Das Sterben der Silberfüchse

Von Wolfgang Körner (2006-10-08; 13:11)

Dieser Tage feierte sich der Buchhandel einmal mehr in der Banken- und Goethestadt Frankfurt am Main. Die großen Verlagsgruppen beeindruckten mit dem Design und der Größe ihrer Messestände mehr als mit ihren Programmen, die - seltene Ausnahmen bestätigen auch hier die Regel - austauschbar und flach geworden sind. "Produziert mehr Scheiße, Millionen Fliegen können sich nicht irren", scheint zum Motto der großen Häuser geworden zu sein. Man kann es den Produktmanagern nicht einmal verübeln, denn auch sie unterliegen dem Diktat von Umsatzvorgaben, an deren Erfüllung sie gemessen werden.

Für die mittelgroßen und kleinen, noch selbständigen Verlage werden die Chancen, für einen Titel Aufmerksamkeit und Interesse zu wecken, immer geringer. Die 1A-Lagen der Groß- und Mittelstädte wurden von Großbuchhändlern erobert, deren Einkaufssysteme nur noch ausweisen, in welchem Umfang ein Titel gekauft wird. Eigenwillige, ungewöhnliche und neue Literatur, für die sich zu allen Zeiten nur wenige Leser interessierten, wird im Buchkaufhaus nicht mehr angeboten, sondern nur noch auf Kundenwunsch beim Großisten oder direkt beim Verlag bestellt.

Die unabhängigen mittelgroßen und kleinen Buchhandlungen, bei denen die Programmvorschauen der Verlage noch gelesen und Verlagsvertreter noch empfangen werden, geraten so immer mehr an den Rand. In vielen Städten sind sie inzwischen verschwunden. Der kleine Buchhändler mit drei oder vier Angestellten war gut beraten, wenn er sein Geschäft aufgab, bevor ihm ein vorläufiger Insolvenzverwalter den Ladenschlüssel abnahm.

Ungeachtet dessen wird noch immer so getan, als ginge es dem Buchhandel insgesamt blendend. Die Eröffnung der Buchmesse ist ein feierlicher Staatsakt, bei dem in jedem Jahr erneut Macht und Bedeutung des Geistes beschworen werden.Alle machen mit. In jedem Jahr riskieren daher auch viele Zeitungen während der Messezeit eine Literaturbeilage im Umfang ihrer wöchentlichen Sportberichterstattung. Das wiederholen sie vielfach in der Vorweihnachtszeit.

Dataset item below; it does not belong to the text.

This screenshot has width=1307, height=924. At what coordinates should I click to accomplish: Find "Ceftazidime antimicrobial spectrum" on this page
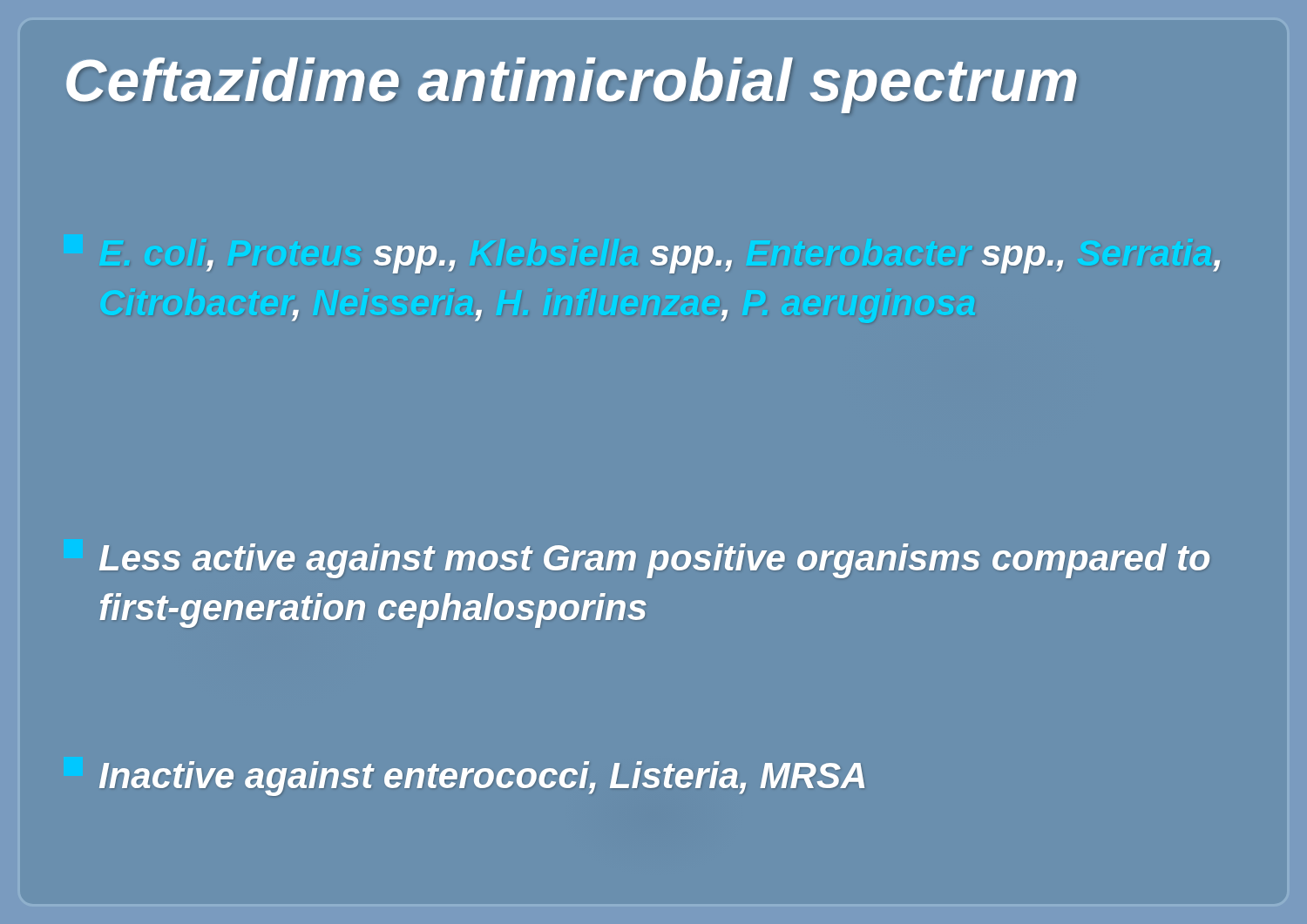tap(571, 80)
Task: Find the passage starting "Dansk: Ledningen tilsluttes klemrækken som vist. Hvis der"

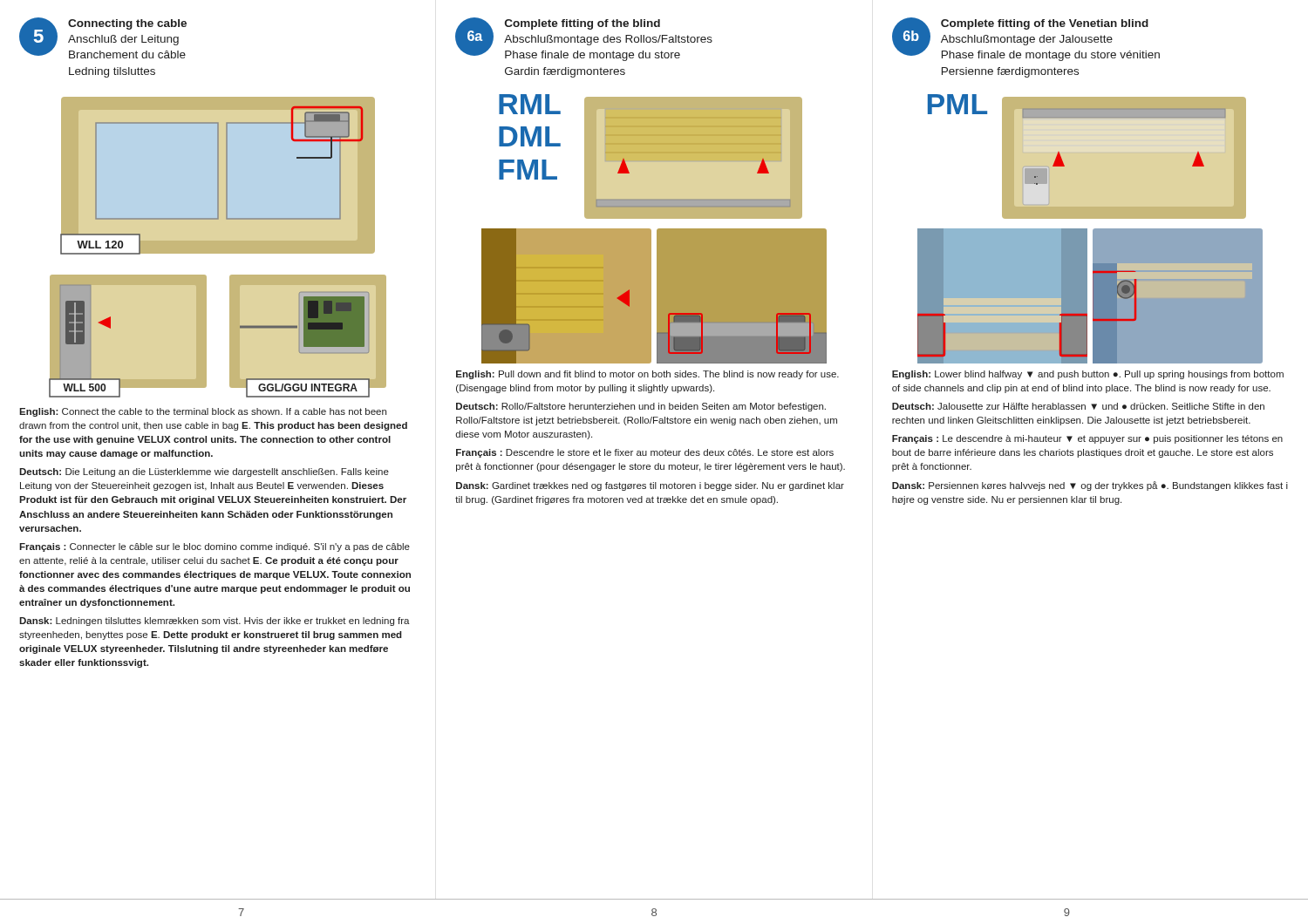Action: pyautogui.click(x=214, y=642)

Kann das davon ablenken, daß Bücher ansonsten nur noch gelegentlich besprochen werden, weil die von Verlagen in unsäglichem Optimismus kostenlos versendeten Rezensionsstücke für die Weihnachtstombola der Redaktion benötigt werden? Und was die Auswahl der Titel für die Literaturbeilagen betrifft, so handelt es sich um Bücher aus jenen Verlagen, die sich noch Anzeigen leisten können und damit die Literaturbeilagen bezahlen.

Dessen ungeachtet ermöglicht es die wunderbare Kunst der Statistiker, der immer wieder zufriedenen Buchbranche geringe Steigerungen des Gesamtumsatzes zu verkünden. Mit welchen Titeln überhaupt noch nennenswerte Umsätze erzielt werden, verschweigt des Redners Höflichkeit. Mal füllt Zaubermeister Harry Potter die Kassen, mal Vergeßlichkeitsmeister Günter Grass.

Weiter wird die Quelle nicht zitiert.